All in all, I think turning address into an URI would bring little value imho. At least for us, misconfiguration discovered at runtime has never been such a problem, and as mentioned an URI would not change that anyway.

We have never been confused by the way it is today, which is pretty concise and clear already tbh. Those are my 50c :)

jszwedko commented 1 year ago

Not sure about this feature :)

Consider the following aspects:

Having a protocol://address syntax does not really make "impossible states impossible". For instance: tcp:///path/to/socket or unix://0.0.0.0:8080 are two invalid examples that still will only be discovered at runtime.

As you mention, there are options (today) that depend on mode besides path. For example: connection_limit (TCP), keepalive.* (TCP), max_connection_duration_secs (TCP), max_length (UDP), socket_file_mode (unix), etc.

Without a mode option anymore, these would be instead turned into parameters of the URI option?

E.g: protocol://address?param1=val1&param2=val2?
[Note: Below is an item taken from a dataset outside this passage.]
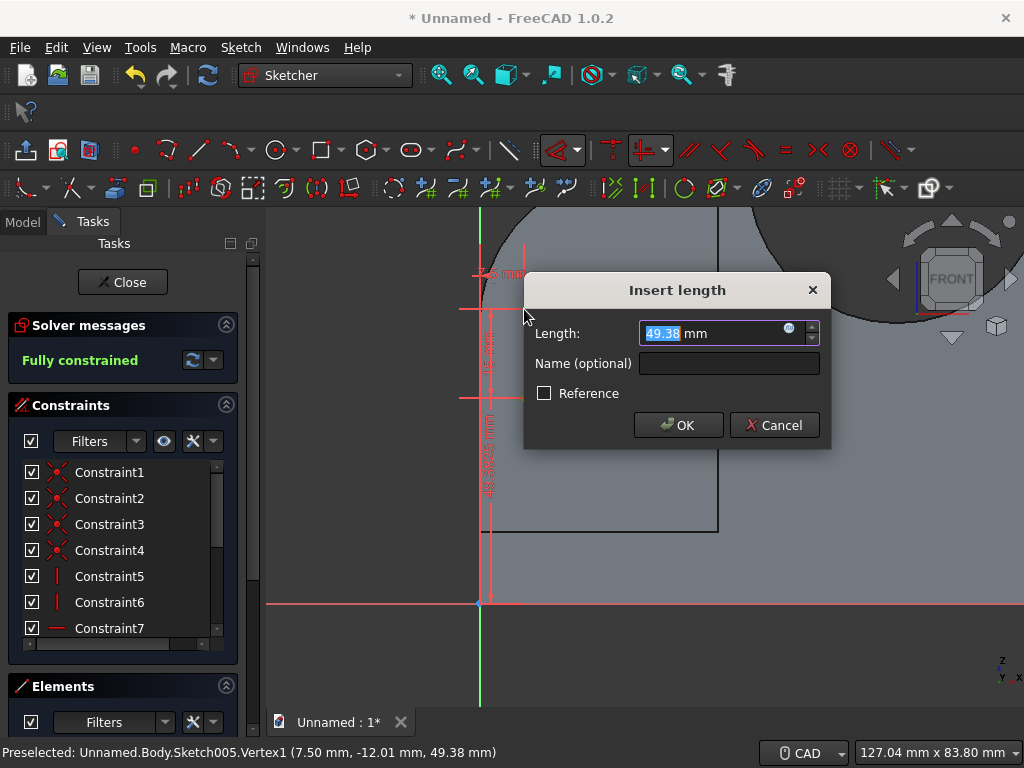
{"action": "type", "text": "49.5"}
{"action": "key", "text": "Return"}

If not, without a mode option these mode-dependant options would turn confusing imho.

Not to mention that parsing and validating will become more complex too.
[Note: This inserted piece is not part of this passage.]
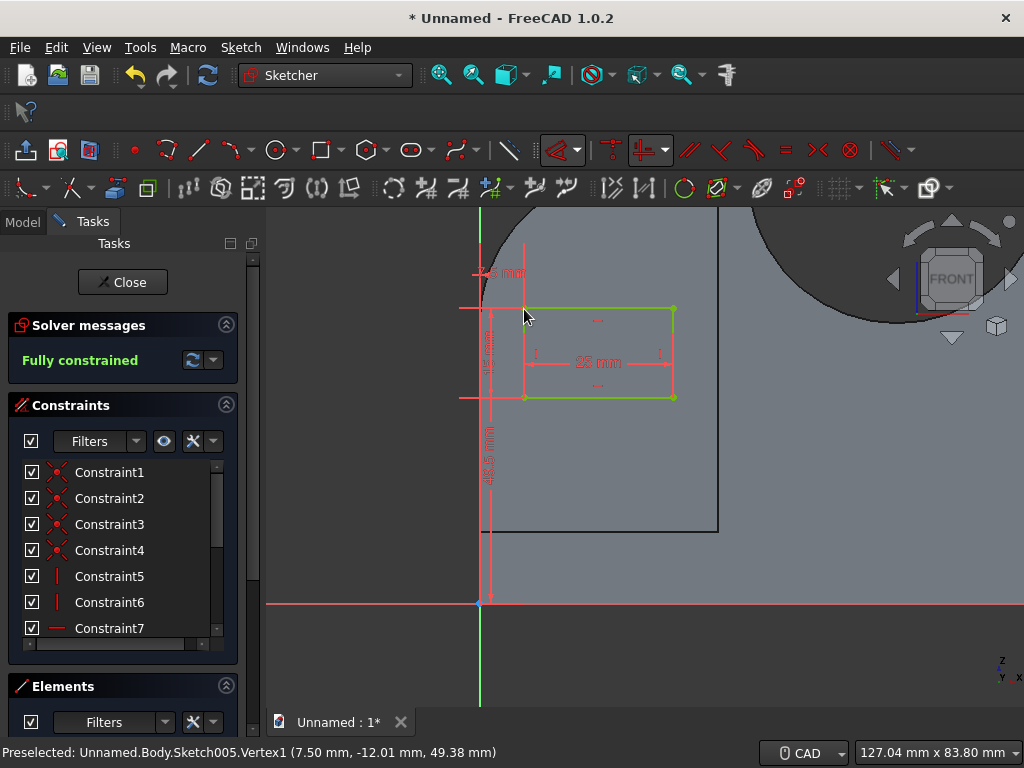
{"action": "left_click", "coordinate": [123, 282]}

The complete URI syntax shown above would be easier to parse (standard URI parsing).

However, the options would stop being first-class configurations in the code.
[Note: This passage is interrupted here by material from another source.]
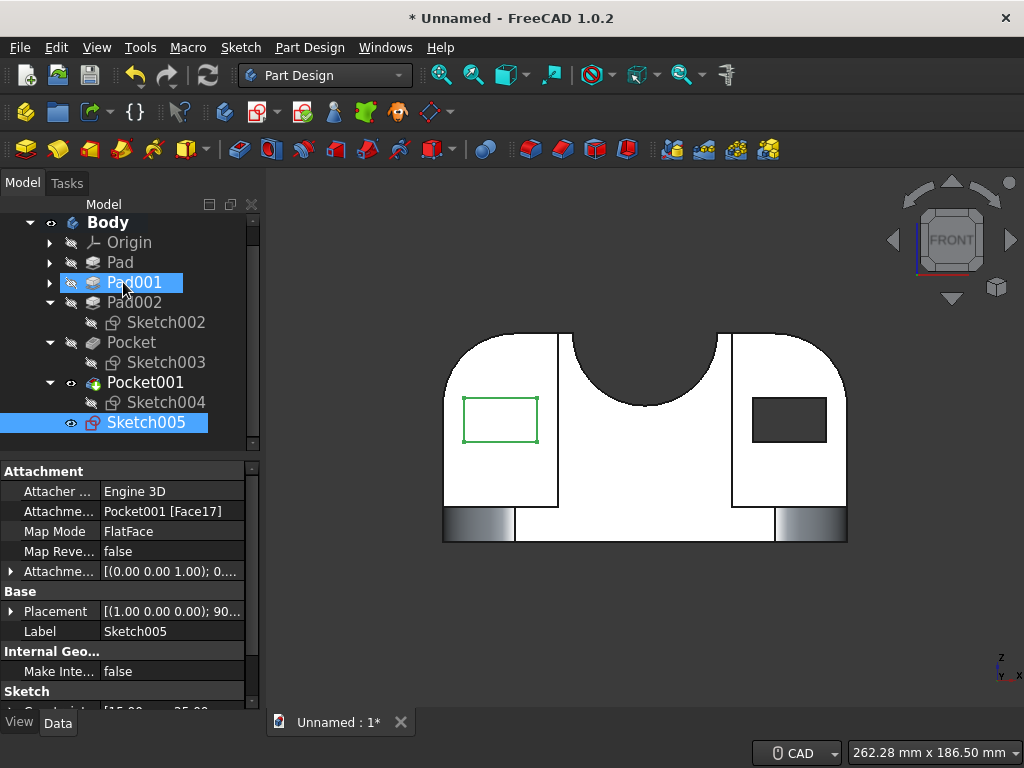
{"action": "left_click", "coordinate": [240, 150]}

All in all, I think turning address into an URI would bring little value imho. At least for us, misconfiguration discovered at runtime has never been such a problem, and as mentioned an URI would not change that anyway.

We have never been confused by the way it is today, which is pretty concise and clear already tbh. Those are my 50c :)

Good thoughts! We could encode as URL parameters, but an alternative would be go the "polymorphic" route described by https://github.com/vectordotdev/vector/blob/master/docs/specs/configuration.md#polymorphism. For example, users would instead have configs like:

mode: unix
unix.path: "/var/run/foo.sock"
unix.file_mode: "0777"

mode: tcp
tcp.connection_limit: 100

hhromic commented 1 year ago

Ah! That does look much nicer indeed, namespaced by the mode basically. Yes, I personally like that very much as in the case of buffer.*, batch.*, etc options. And also would make it nice when translating env variables, which we do a lot with templating.

jonaslb commented 5 months ago

I just realised this is specifically for the socket source, but the referred issue (#17050) asks for generic support for this feature. My question is if this solution for the socket source is intended as a "pilot" for something generic, or if it wouldn't be worth it to try and aim for a generic solution immediately and then apply it here?

My interest that led me here is in using a unix socket with the vector source, to enable implementing custom sources as sidecars (similar to exec, but with orchestration handled from the outside and support for possibly more things - hoping I find acknowledgements in there). And I didn't find a way to do it, if it is at all possible right now. Of course a workaround for me is to bind to loopback. Edit: This is still early Vector for me, and I'm not currently sure there is advantage in using the vector source/sink api over the plain socket. It is not the point of this comment to start a discussion around that :)

jszwedko commented 5 months ago

Thanks for the thoughts!

I think both this issue and https://github.com/vectordotdev/vector/issues/17050 are valid. This issue is about refactoring the config for sockets which bind to addresses (i.e. act as servers) to be polymorphic rather than a sort of "tagged union". I think it could extend to the vector source to allow binding to a unix socket.

https://github.com/vectordotdev/vector/issues/17050 is about supporting unix:// as a scheme for components that act as clients such that it would enable any client that has a configurable "endpoint" to connect over a unix socket (including the vector sink).

For now, I think connecting over loopback is probably the best option for vector source/sink communication on the same host.